Hey Hugging Face community! I’m new here, diving into Python and AI through Hugging Face’s awesome tools, and I’m excited to share a project idea I’m working on. As a road trip enthusiast, I want to build a simple fuel trip planner that uses a Hugging Face transformer model to parse natural language inputs (e.g., “I’m driving 500 km at 12 km/liter”) and output fuel cost estimates. I got inspired by a clean fuel calculator I found at kalkulatorpaliwa.com.pl, which handles inputs so smoothly, and I’d love to replicate that vibe with NLP.
Here’s a basic script using transformers
to extract trip details:
from transformers import pipeline
import re
def parse_trip_details(text):
nlp = pipeline("ner", model="dslim/bert-base-NER")
entities = nlp(text)
distance = None
efficiency = None
for entity in entities:
if "km" in entity["word"].lower():
distance = float(re.search(r"\d+", entity["word"]).group())
if "km/liter" in entity["word"].lower():
efficiency = float(re.search(r"\d+", entity["word"]).group())

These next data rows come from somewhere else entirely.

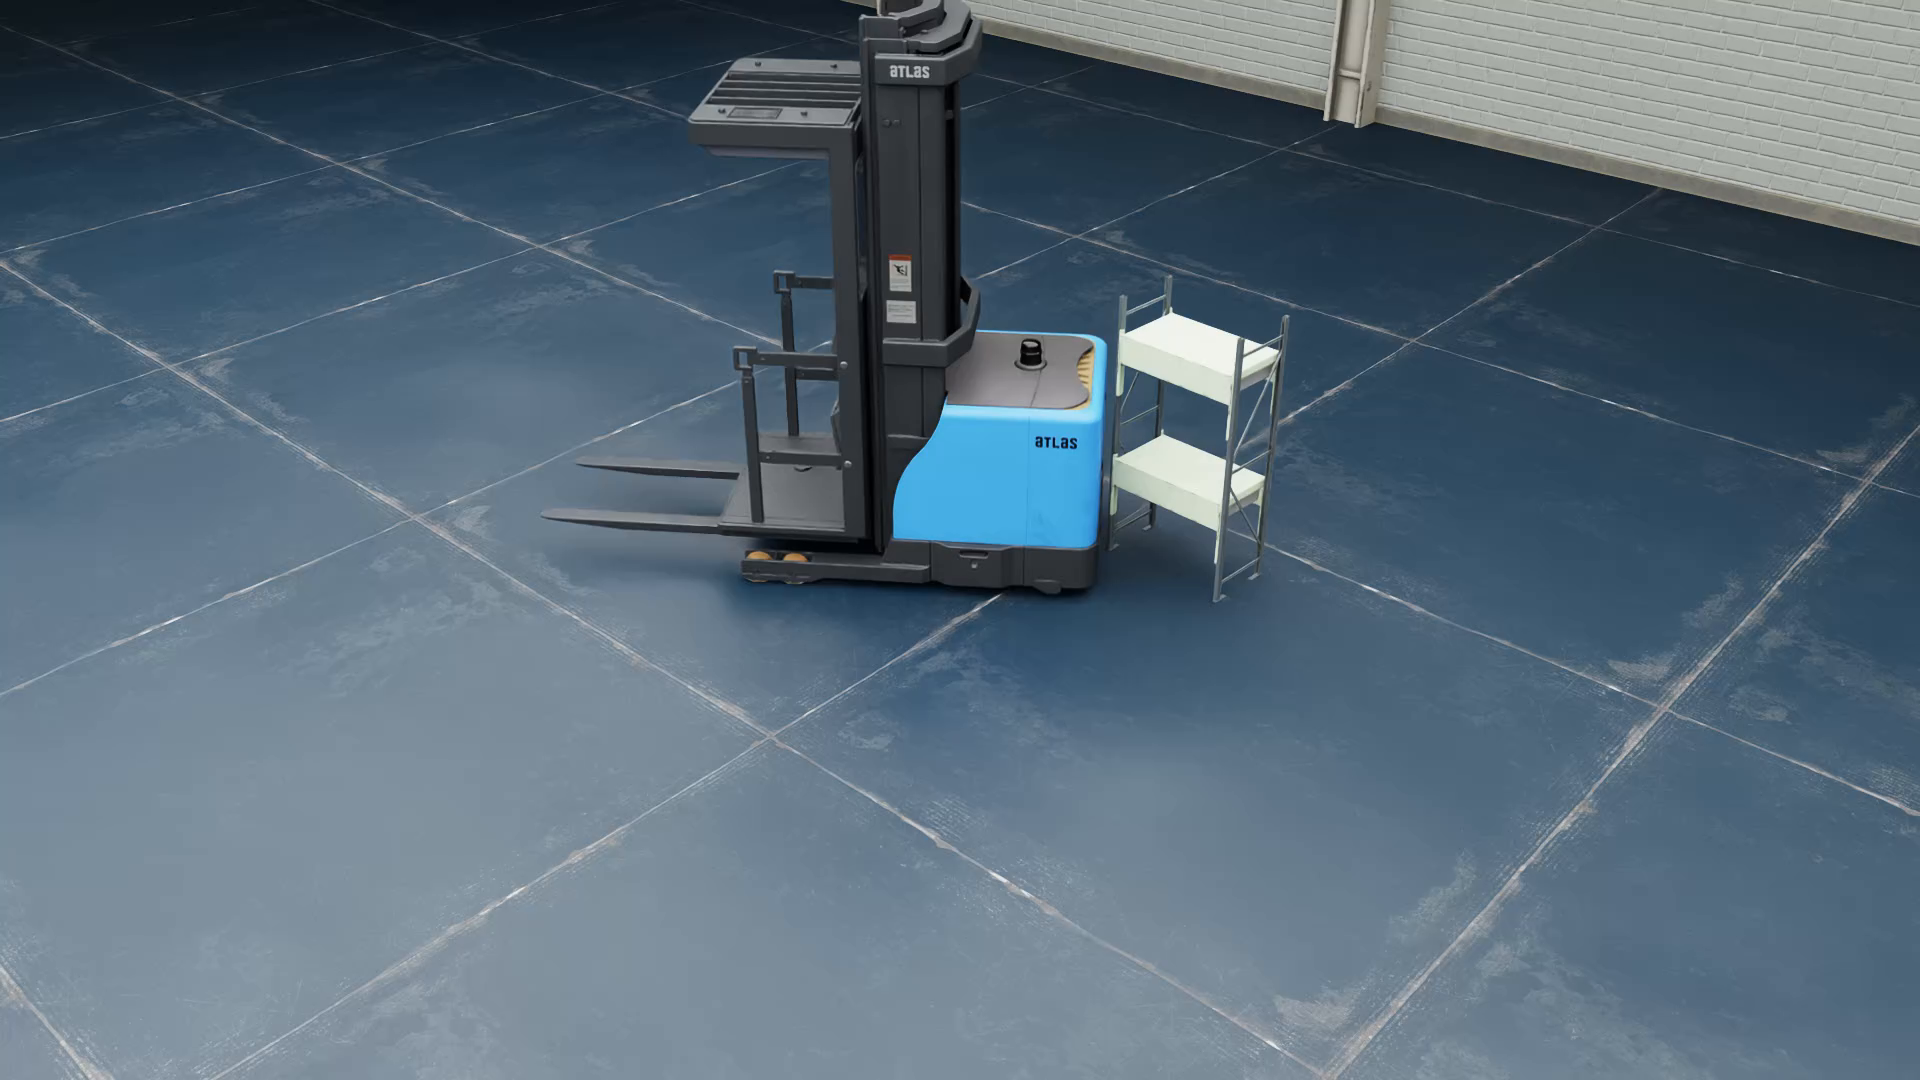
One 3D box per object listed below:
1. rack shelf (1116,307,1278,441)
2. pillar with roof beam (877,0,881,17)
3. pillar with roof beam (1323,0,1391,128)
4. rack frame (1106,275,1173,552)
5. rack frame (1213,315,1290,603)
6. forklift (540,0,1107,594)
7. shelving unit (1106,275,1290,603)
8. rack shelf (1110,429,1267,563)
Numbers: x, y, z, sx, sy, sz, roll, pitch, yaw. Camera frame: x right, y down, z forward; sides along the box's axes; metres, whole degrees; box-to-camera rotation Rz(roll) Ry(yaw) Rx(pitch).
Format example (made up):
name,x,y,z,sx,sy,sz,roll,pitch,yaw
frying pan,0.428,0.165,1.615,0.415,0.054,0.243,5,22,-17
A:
name,x,y,z,sx,sy,sz,roll,pitch,yaw
rack shelf,1.212,-0.855,8.460,0.720,0.370,0.431,27,40,37
pillar with roof beam,-3.609,-8.304,14.319,0.400,9.000,9.100,25,39,35
pillar with roof beam,0.840,-6.227,10.869,0.400,9.000,9.100,25,39,35
rack frame,0.953,-0.654,8.882,0.023,1.500,0.400,27,40,37
rack frame,1.472,-0.388,8.440,0.023,1.500,0.400,27,40,37
forklift,-0.743,-1.284,8.541,3.031,2.935,1.130,3,31,5
shelving unit,1.212,-0.521,8.661,0.755,1.500,0.431,27,40,37
rack shelf,1.212,-0.241,8.829,0.720,0.370,0.431,27,40,37
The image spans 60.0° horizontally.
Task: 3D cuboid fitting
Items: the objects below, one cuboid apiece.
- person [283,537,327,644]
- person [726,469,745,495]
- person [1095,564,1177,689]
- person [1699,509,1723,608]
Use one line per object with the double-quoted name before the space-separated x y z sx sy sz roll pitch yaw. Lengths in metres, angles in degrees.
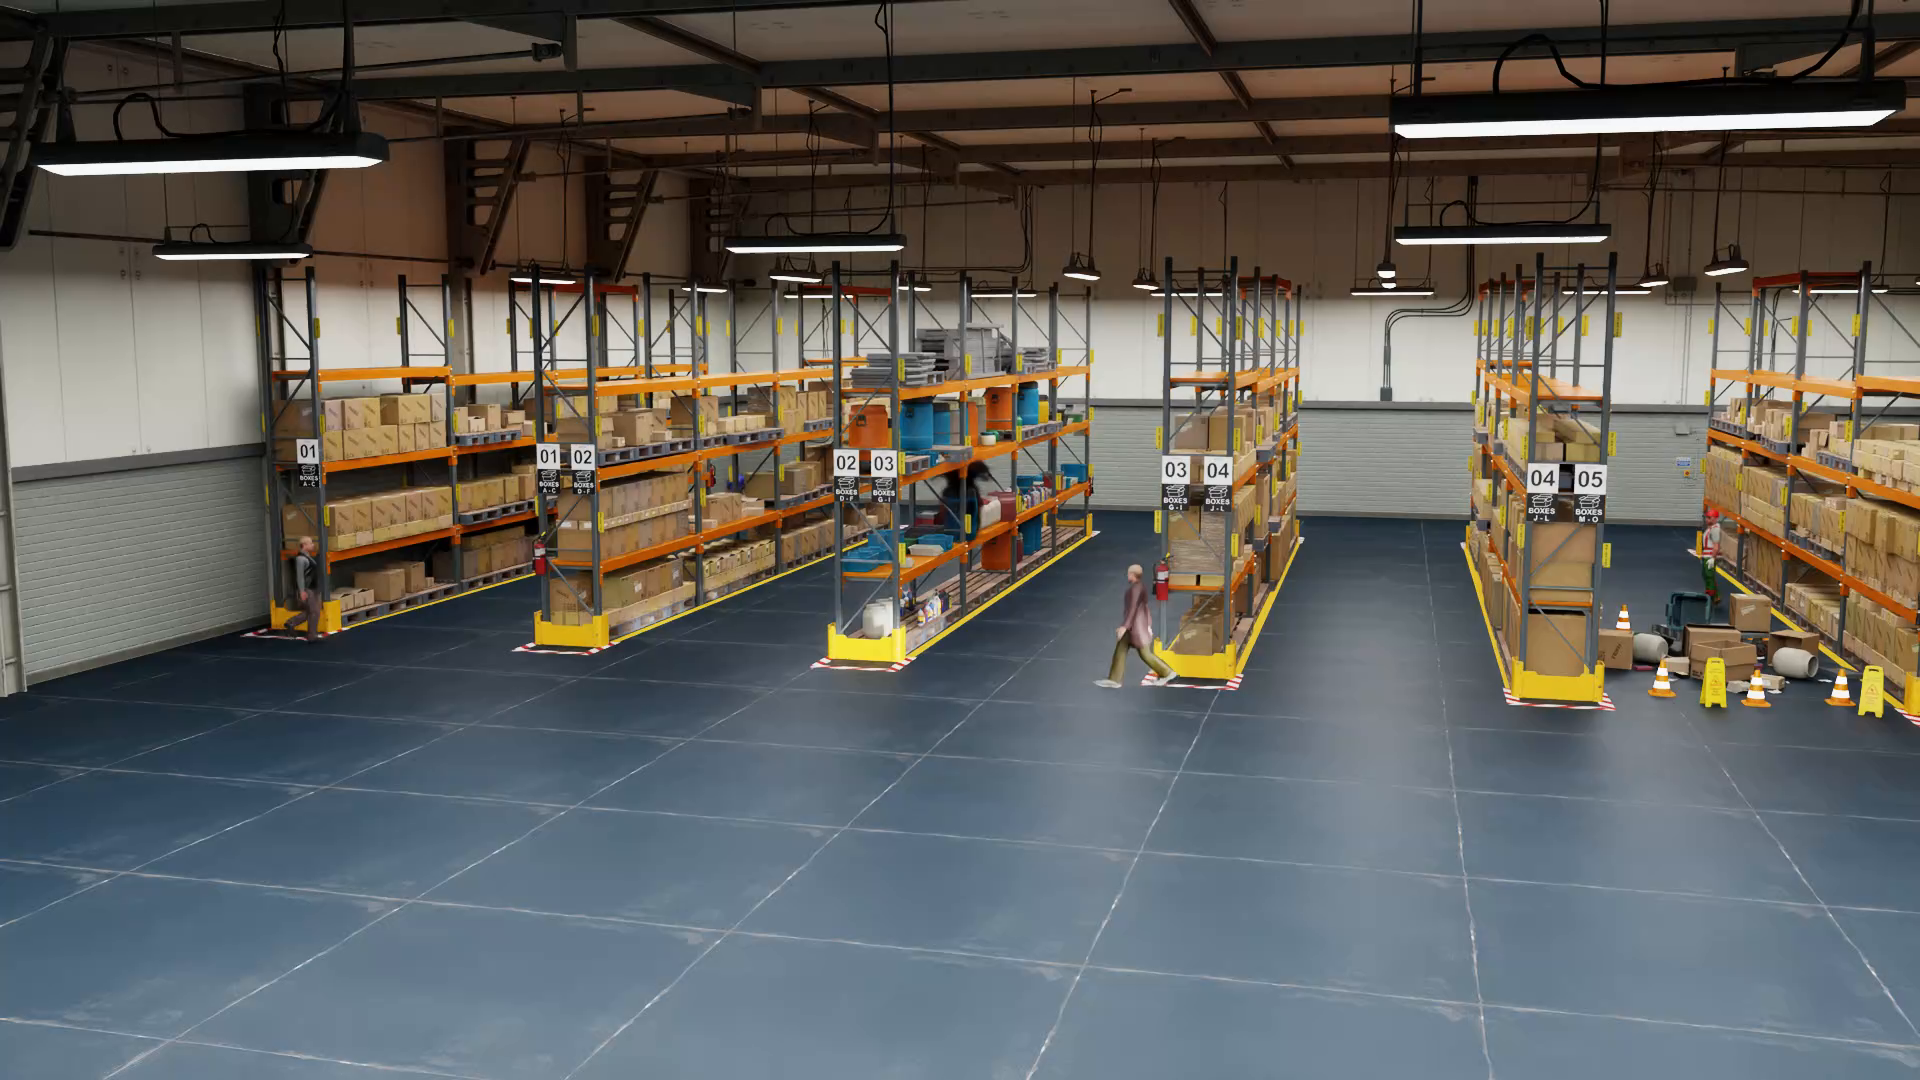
"person" -10.468 0.803 26.478 0.698 1.703 0.583 -1 7 -9
"person" -5.644 -1.043 41.681 0.414 1.475 1.018 2 8 17
"person" 2.460 1.210 23.103 1.103 1.745 0.518 -2 7 -12
"person" 13.451 0.337 29.817 0.436 1.795 0.594 5 9 36

if distance and efficiency:
fuel_needed = distance / efficiency
return {"distance": distance, "efficiency": efficiency, "fuel_needed": fuel_needed}
return {"error": "Couldn’t parse trip details"}
# Example
text = "I’m driving 500 km at 12 km/liter"
result = parse_trip_details(text)
print(result) # Outputs: {'distance': 500.0, 'efficiency': 12.0, 'fuel_needed': 41.666666666666664}
I’m aiming to add a fuel price input and calculate costs, maybe even suggest optimal routes. As a beginner, I’m struggling with a few things:
- Is
dslim/bert-base-NER
a good choice for extracting numbers and units, or is there a better model for this? - How can I improve the regex to handle varied inputs (e.g., “300 kilometers, 10 km per liter”)?
- Any tips for integrating this with a simple CLI or web interface?
I’d love to make it as user-friendly as kalkulatorpaliwa.com.pl. Any advice on model selection, text parsing, or cool features to add? Thanks for helping a newbie out!